• [Directions]:
Below is a listing. Gather each line of it that contains "linetypes".

• [Data for review]:
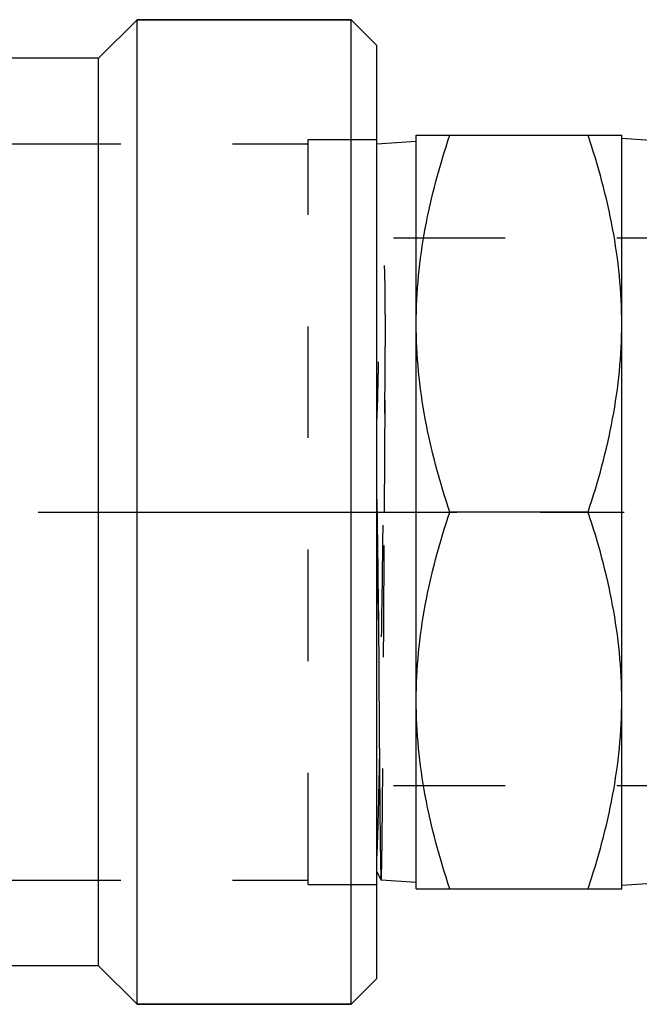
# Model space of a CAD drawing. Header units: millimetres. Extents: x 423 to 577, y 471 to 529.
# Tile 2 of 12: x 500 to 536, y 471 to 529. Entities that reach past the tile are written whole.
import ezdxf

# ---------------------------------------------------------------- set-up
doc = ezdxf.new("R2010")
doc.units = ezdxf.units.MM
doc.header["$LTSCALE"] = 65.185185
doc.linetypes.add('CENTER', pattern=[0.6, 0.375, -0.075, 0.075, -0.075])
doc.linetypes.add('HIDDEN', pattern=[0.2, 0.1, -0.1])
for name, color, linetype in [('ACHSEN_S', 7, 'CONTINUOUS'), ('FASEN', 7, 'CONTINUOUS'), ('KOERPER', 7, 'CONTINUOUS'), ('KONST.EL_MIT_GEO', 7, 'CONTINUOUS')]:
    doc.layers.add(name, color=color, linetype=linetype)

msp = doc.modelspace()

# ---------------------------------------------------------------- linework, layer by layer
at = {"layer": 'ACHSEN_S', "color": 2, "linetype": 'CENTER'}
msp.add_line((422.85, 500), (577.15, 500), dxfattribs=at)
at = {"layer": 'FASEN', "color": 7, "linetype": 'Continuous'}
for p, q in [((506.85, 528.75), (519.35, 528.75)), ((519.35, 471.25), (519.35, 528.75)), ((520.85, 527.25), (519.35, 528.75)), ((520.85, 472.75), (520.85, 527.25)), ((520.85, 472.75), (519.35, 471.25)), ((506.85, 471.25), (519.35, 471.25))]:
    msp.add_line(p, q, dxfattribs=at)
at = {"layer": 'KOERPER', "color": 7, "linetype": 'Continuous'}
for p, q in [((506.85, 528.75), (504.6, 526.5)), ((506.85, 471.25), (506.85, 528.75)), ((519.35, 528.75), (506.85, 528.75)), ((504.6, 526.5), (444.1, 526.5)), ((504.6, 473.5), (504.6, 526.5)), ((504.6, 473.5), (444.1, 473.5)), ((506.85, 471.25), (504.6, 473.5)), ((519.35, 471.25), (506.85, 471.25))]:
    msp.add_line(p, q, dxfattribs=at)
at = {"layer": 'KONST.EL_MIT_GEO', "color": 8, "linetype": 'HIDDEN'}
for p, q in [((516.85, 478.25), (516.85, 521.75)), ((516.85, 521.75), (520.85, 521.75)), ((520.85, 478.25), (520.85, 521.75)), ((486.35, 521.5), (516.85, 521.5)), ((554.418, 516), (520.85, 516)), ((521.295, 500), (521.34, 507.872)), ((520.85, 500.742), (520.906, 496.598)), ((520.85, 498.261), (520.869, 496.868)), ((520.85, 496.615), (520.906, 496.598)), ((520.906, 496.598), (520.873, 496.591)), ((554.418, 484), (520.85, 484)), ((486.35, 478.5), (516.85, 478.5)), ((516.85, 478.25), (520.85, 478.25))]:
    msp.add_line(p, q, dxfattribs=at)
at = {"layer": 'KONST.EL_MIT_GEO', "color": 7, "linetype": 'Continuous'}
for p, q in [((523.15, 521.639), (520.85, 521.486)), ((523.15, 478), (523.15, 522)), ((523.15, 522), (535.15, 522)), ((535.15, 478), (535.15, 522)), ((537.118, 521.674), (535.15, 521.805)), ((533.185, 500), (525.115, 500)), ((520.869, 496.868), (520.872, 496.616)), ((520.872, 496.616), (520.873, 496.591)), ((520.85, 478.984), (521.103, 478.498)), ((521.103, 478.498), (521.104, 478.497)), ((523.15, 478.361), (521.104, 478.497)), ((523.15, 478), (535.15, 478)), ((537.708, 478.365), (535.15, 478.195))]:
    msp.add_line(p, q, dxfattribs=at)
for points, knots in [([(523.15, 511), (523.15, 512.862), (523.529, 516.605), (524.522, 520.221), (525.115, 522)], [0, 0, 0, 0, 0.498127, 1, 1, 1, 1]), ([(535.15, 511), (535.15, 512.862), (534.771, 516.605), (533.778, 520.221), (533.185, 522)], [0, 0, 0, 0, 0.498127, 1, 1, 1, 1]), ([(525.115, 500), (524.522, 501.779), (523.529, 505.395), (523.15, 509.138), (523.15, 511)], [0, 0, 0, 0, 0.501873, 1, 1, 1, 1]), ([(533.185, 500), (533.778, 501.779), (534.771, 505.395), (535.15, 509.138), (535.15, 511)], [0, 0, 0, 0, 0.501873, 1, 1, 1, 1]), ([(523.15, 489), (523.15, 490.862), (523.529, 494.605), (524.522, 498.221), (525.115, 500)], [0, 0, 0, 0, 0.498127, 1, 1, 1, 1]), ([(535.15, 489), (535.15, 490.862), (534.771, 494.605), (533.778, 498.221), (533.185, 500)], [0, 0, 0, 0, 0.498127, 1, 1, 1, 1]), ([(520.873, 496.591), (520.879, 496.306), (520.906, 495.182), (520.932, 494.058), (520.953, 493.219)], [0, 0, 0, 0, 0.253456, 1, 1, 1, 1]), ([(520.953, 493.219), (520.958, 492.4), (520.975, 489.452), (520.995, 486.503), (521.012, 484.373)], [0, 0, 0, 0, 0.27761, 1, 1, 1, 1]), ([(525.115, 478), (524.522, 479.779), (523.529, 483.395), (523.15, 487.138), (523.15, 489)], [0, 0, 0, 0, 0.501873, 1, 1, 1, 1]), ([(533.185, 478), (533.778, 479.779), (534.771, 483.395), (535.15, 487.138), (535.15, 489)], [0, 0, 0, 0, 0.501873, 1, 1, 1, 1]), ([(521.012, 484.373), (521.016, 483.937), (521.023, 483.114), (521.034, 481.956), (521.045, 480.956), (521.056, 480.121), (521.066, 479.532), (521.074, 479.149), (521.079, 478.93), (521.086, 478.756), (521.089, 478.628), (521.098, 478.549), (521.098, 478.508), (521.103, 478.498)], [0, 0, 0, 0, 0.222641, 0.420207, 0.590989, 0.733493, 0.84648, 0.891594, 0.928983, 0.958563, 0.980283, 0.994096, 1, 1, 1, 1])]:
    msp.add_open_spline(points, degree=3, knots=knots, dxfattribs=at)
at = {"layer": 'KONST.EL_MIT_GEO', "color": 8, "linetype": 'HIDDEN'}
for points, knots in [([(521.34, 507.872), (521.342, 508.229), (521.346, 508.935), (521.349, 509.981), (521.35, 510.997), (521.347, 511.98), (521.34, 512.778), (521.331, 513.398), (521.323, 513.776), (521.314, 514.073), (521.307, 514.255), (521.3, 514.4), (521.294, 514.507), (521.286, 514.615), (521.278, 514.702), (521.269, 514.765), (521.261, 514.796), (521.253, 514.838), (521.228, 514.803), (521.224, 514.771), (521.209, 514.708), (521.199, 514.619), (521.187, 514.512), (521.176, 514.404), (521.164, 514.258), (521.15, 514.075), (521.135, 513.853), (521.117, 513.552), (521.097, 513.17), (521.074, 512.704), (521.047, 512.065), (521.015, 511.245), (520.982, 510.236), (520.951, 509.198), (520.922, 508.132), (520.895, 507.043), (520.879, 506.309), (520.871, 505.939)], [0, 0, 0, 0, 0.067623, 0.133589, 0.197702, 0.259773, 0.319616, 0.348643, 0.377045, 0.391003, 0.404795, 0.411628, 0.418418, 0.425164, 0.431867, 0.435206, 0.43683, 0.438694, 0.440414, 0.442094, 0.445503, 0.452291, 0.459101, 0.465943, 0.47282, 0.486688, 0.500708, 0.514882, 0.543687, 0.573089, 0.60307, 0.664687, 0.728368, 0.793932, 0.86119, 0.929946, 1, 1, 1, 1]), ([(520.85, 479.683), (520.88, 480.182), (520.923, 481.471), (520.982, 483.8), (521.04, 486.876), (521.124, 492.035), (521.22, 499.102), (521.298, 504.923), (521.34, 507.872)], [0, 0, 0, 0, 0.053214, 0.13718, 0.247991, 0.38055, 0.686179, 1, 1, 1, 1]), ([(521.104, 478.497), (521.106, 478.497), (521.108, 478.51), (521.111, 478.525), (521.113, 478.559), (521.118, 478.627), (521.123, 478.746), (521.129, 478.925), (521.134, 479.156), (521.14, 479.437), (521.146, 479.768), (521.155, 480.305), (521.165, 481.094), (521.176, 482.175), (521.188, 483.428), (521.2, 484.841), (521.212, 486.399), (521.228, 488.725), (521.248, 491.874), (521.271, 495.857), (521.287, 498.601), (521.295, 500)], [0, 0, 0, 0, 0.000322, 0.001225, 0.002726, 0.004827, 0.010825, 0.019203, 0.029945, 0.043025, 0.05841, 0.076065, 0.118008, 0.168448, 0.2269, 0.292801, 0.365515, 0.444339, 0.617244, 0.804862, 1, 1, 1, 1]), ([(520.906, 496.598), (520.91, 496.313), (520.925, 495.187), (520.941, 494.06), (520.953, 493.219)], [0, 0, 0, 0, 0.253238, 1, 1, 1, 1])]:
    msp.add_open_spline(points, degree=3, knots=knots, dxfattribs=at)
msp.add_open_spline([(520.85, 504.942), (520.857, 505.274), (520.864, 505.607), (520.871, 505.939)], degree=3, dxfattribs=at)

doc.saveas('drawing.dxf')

• [Answer below]:
doc.linetypes.add('CENTER', pattern=[0.6, 0.375, -0.075, 0.075, -0.075])
doc.linetypes.add('HIDDEN', pattern=[0.2, 0.1, -0.1])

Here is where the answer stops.